I have a model and guide which have stochastic control flow in them and I am trying to use SVI. The full MWE is:
import torch
import pyro
import pyro.distributions as dist
from torch.distributions import constraints
def model():
branch = pyro.sample(
"branch",
dist.Bernoulli(probs=torch.tensor([0.5])),
)
if branch == 1:
z1 = pyro.sample("z1", dist.Normal(-3, 1))
else:
z1 = pyro.sample("z1", dist.Normal(3, 1))
x = pyro.sample("x", dist.Normal(z1, 2), obs=torch.tensor(2.0))
def guide():
weight = pyro.param(
"weight", torch.tensor(0.5), constraint=constraints.interval(0, 1)
)
m1 = pyro.param("m1", torch.tensor(0.0))
s1 = pyro.param("s1", torch.tensor(1.0), constraint=constraints.positive)
m2 = pyro.param("m2", torch.tensor(0.0))
s2 = pyro.param("s2", torch.tensor(1.0), constraint=constraints.positive)
branch = pyro.sample(
"branch",
dist.Bernoulli(probs=torch.tensor([weight])),
)
if branch == 1:
z1 = pyro.sample("z1", dist.Normal(m1, s1))
else:
z1 = pyro.sample("z1", dist.Normal(m2, s2))
def train_svi(model, guide, optim, num_iterations):
svi = pyro.infer.SVI(model, guide, optim, loss=pyro.infer.Trace_ELBO())
pyro.clear_param_store()
for _ in range(num_iterations):
loss = svi.step()
def main():
pyro.set_rng_seed(0)
train_svi(model, guide, pyro.optim.Adam({"lr": 0.05}), 1000)

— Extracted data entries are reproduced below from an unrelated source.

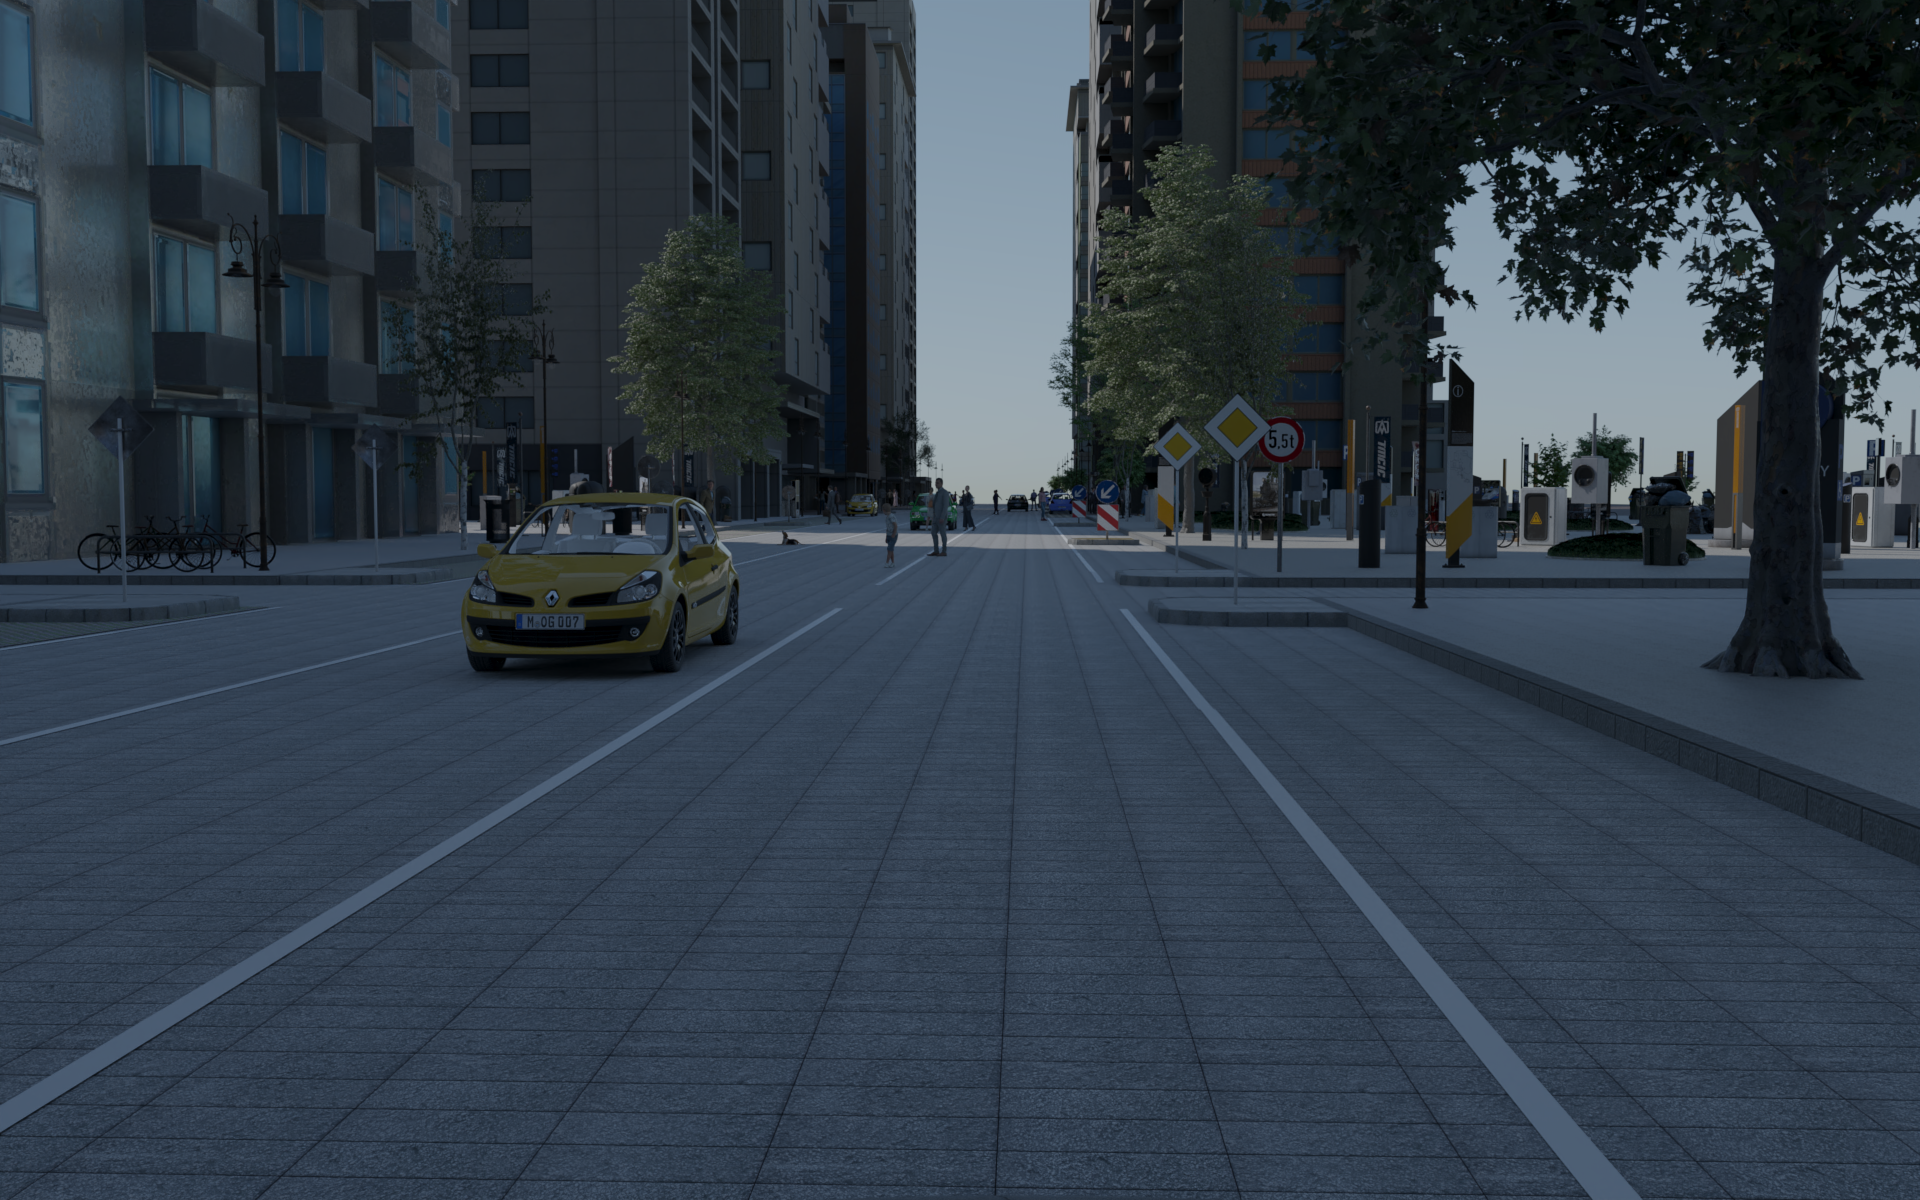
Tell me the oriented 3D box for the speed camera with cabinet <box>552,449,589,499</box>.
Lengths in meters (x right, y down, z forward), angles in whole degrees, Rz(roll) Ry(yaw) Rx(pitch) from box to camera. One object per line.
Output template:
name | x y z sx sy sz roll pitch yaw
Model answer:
speed camera with cabinet | -17.053 -4.989 75.909 0.660 3.252 2.038 1 4 21

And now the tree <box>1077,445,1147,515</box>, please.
tree | 9.836 -7.437 105.304 4.285 4.588 4.351 0 3 0

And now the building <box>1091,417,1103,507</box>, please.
building | 19.877 -24.387 170.427 14.160 30.474 14.107 0 4 2

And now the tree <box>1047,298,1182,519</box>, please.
tree | 8.274 -10.089 90.705 9.928 11.665 9.643 0 3 0

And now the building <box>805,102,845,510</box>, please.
building | -24.242 -27.646 143.889 32.217 40.220 23.993 0 4 2

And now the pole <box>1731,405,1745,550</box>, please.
pole | 17.898 -2.813 39.828 0.158 3.312 0.155 0 3 0

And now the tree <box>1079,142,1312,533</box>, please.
tree | 7.575 -8.482 56.811 7.486 12.596 7.792 0 3 0

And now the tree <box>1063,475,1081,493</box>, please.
tree | 11.355 -10.888 172.616 1.663 3.219 1.824 0 3 0

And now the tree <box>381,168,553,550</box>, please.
tree | -11.440 -5.469 39.775 4.360 8.622 3.978 0 3 0

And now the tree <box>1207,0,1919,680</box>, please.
tree | 5.950 -5.809 11.984 9.611 12.733 9.660 0 3 0

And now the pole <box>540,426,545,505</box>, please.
pole | -12.494 -3.554 51.943 0.158 3.312 0.155 0 3 0

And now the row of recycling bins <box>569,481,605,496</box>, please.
row of recycling bins | -12.104 -2.990 55.995 1.069 1.692 3.534 -1 4 -18

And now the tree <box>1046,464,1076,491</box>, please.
tree | 12.342 -12.383 186.181 4.285 4.588 4.351 0 3 0

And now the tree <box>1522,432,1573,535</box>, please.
tree | 18.442 -3.650 54.275 1.663 3.219 1.824 0 3 0

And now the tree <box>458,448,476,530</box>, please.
tree | -18.381 -4.169 62.764 1.663 3.219 1.824 0 3 0

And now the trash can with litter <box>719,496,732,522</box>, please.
trash can with litter | -10.647 -4.152 79.276 0.624 1.170 1.055 -2 4 -24

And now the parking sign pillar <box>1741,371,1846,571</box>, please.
parking sign pillar | 14.325 -2.512 29.545 1.447 3.967 1.447 3 4 39

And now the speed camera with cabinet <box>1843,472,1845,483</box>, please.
speed camera with cabinet | 35.972 -4.710 71.351 2.038 3.252 0.660 -2 4 -35

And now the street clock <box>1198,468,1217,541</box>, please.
street clock | 6.763 -2.617 47.355 0.471 2.002 0.358 3 4 36

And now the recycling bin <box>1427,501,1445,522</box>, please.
recycling bin | 18.721 -3.338 67.128 0.722 1.027 0.722 -2 4 -24

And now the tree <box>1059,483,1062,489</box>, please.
tree | 14.984 -15.741 251.962 1.663 3.219 1.824 0 3 0

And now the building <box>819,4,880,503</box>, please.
building | -15.042 -31.388 163.302 14.600 45.320 14.200 0 4 2

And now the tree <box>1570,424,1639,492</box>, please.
tree | 30.269 -5.985 81.566 4.285 4.588 4.351 0 3 0

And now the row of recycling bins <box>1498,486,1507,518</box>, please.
row of recycling bins | 24.480 -4.539 81.326 1.069 1.692 3.534 -1 4 -16

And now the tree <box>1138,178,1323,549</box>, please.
tree | 6.459 -5.475 39.880 4.360 8.622 3.978 0 3 0

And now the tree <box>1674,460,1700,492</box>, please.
tree | 40.428 -6.255 96.872 1.663 3.219 1.824 0 3 0

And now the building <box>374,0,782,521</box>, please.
building | -20.451 -39.970 91.763 20.563 71.187 20.611 0 4 2

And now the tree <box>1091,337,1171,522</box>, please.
tree | 7.854 -7.986 80.934 4.737 8.622 4.395 0 3 0

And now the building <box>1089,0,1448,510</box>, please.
building | 24.913 -34.222 148.772 28.713 52.752 27.495 0 4 2

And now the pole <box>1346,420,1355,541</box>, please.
pole | 10.765 -3.295 47.714 0.158 3.312 0.155 0 3 0

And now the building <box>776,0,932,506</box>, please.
building | -14.553 -49.622 249.572 20.563 71.187 20.611 0 4 2

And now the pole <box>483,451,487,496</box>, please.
pole | -22.644 -5.426 82.561 0.158 3.312 0.155 0 3 0

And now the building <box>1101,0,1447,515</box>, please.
building | 21.246 -28.525 121.009 22.147 44.769 28.867 0 4 2

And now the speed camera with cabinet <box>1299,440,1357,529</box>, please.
speed camera with cabinet | 13.720 -4.266 64.079 2.038 3.252 0.660 0 4 0

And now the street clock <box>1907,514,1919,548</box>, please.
street clock | 22.694 -2.240 41.200 0.358 2.002 0.471 0 4 -1

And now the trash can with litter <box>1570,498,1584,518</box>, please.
trash can with litter | 24.179 -3.547 69.058 2.233 1.210 1.678 1 4 10

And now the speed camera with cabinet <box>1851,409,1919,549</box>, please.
speed camera with cabinet | 21.998 -2.862 41.132 0.660 3.252 2.038 0 4 -4

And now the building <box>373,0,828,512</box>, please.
building | -23.444 -32.304 117.401 28.713 52.752 27.495 0 4 2

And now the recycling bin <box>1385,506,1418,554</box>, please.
recycling bin | 9.551 -1.518 37.381 0.722 1.027 0.722 1 4 15

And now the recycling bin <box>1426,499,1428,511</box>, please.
recycling bin | 23.033 -4.418 84.788 0.722 1.027 0.722 1 4 14

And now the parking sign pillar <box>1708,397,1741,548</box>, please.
parking sign pillar | 18.810 -3.251 41.631 1.447 3.967 1.447 -1 4 -20

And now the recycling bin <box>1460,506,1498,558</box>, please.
recycling bin | 10.438 -1.373 35.008 0.722 1.027 0.722 0 4 7

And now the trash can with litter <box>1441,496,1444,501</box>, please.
trash can with litter | 28.144 -5.550 102.122 0.624 1.170 1.055 0 4 -1

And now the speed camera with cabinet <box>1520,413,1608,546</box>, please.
speed camera with cabinet | 14.880 -2.958 42.699 0.660 3.252 2.038 -3 5 -42

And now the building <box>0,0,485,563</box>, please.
building | -26.715 -25.939 43.705 23.786 49.044 30.456 0 4 2

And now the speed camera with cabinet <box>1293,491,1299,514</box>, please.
speed camera with cabinet | 20.719 -6.614 102.481 2.038 3.252 0.660 -2 4 -23

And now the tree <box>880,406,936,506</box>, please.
tree | -5.646 -15.102 181.324 7.601 10.594 8.767 -3 5 -42

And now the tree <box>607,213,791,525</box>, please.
tree | -10.579 -9.325 70.591 7.486 12.596 7.792 0 3 0

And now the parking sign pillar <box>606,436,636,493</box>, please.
parking sign pillar | -15.799 -5.644 80.753 1.447 3.967 1.447 0 4 6

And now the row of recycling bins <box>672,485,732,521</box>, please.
row of recycling bins | -12.340 -4.575 81.910 3.534 1.692 1.069 2 4 27

param_store = pyro.get_param_store()
for name, val in param_store.items():
print(f"{name}: {val}")
if __name__ == "__main__":
main()
I am specifically interested in the behaviour of VI for this model so while I assume I could somehow use enumeration, I would like to investigate how VI behaves.
The program outputs:
weight: 0.5
m1: -2.095879554748535
s1: 0.9261342883110046
m2: 2.8922441005706787
s2: 0.8191512823104858
I have two question:
- So the parameters for the normal distribution on each branch get correctly optimized, however, it looks like the gradient for
weight
is always 0 so it doesn’t change. Is this the intended behaviour when usingTrace_ELBO
? By my calculations, if I try to calculate the gradient by hand using the score function estimator then it shouldn’t be equal to 0. So I am wondering whether I am doing something wrong and I am not using the correct ELBO or something. - What is the gradient estimator that
Trace_ELBO
uses? The documentation names Automated Variational Inferencein Probabilistic Programming as a reference, which would suggest it uses the score function estimator for each latent variable. However, reading through the implementation here and here it looks like the implementation somehow uses information about whether a given latent variable can be reparameterized and based on that information builds a different surrogate objective function which can be used with autodiff. So is it an adapted version of the algorithm by Wingate and Weber?